Of course, I support Wheaton's right to terminate the man if his employment contract required him to be a professing Protestant. That's not the question, IMO.
The question is, was it a good idea. Why is a Catholic the wrong person to teach Thomistic philosophy? It's not like he's teaching "Reformation Distinctives 103".
OTOH, most Catholic colleges have Protestant faculty and staff, but I tend to doubt that the serious, orthodox ones would approve of a Protestant in the philosophy department.
(The non-serious, heterodox ones probably wouldn't care for a serious evangelical, either. A Vicki Gene Robinson kind of apostate "Protestant" would be okay. They have every other kind of fruit on the tree already.)
A Protestant in the theology department (as permanent faculty) would be an impossibility at, e.g., Steubenville, because theology professors there have to sign a profession of faith.
Yet a question nagged Mr. Hochschild: Why am I not a Catholic? As he saw it, evangelical Protestantism was vaguely defined and had a weak scholarly tradition, which sharpened his admiration for Catholicism's self-assurance and intellectual history. "I even had students who asked me why I wasn't Catholic," he says. "I didn't have a decent answer."Another Wheaton professor, Mark Noll, lamented several years ago that "the tragedy of the Evangelical mind is that there is not much of an Evangelical mind." I've had people assume that I am some sort of Catholic wolf-in-sheep's-clothing because I read and quote Augustine and Thomas Aquinas.

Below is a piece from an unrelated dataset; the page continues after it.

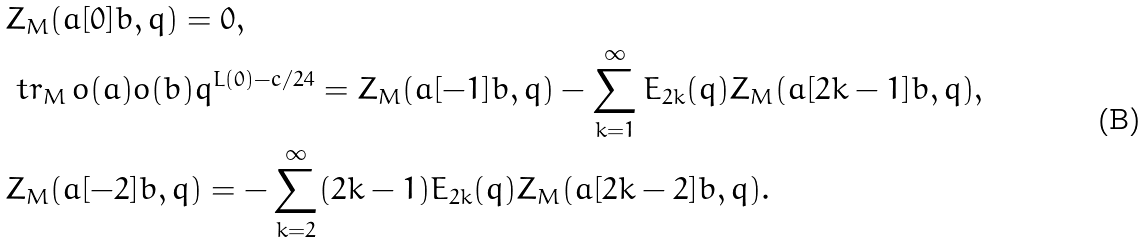<formula> <loc_0><loc_0><loc_500><loc_500>& Z _ { M } ( a [ 0 ] b , q ) = 0 , \\ & \ t r _ { M } \, o ( a ) o ( b ) q ^ { L ( 0 ) - c / 2 4 } = Z _ { M } ( a [ - 1 ] b , q ) - \sum _ { k = 1 } ^ { \infty } { E } _ { 2 k } ( q ) Z _ { M } ( a [ 2 k - 1 ] b , q ) , \\ & Z _ { M } ( a [ - 2 ] b , q ) = - \sum _ { k = 2 } ^ { \infty } ( 2 k - 1 ) { E } _ { 2 k } ( q ) Z _ { M } ( a [ 2 k - 2 ] b , q ) .</formula>

I have encountered in the Evangelical church a rampant anti-intellectual bias, to the point that some claim that even a theological education is a hinderence to true ministry. In an environment like that, I can understand and sympathize with a philosophy professor who feels the pull of Rome. (Though I have no intention of "swimming the Tiber," since I still have grave reservations regarding certain issues that keep me Evangelical.)His wife, Paige, said her husband's distaste for the "evangelical suspicion of philosophy" at the school might have contributed to his ultimate conversion. The Hochschilds say some evangelicals worry that learning about philosophy undermines students' religious convictions.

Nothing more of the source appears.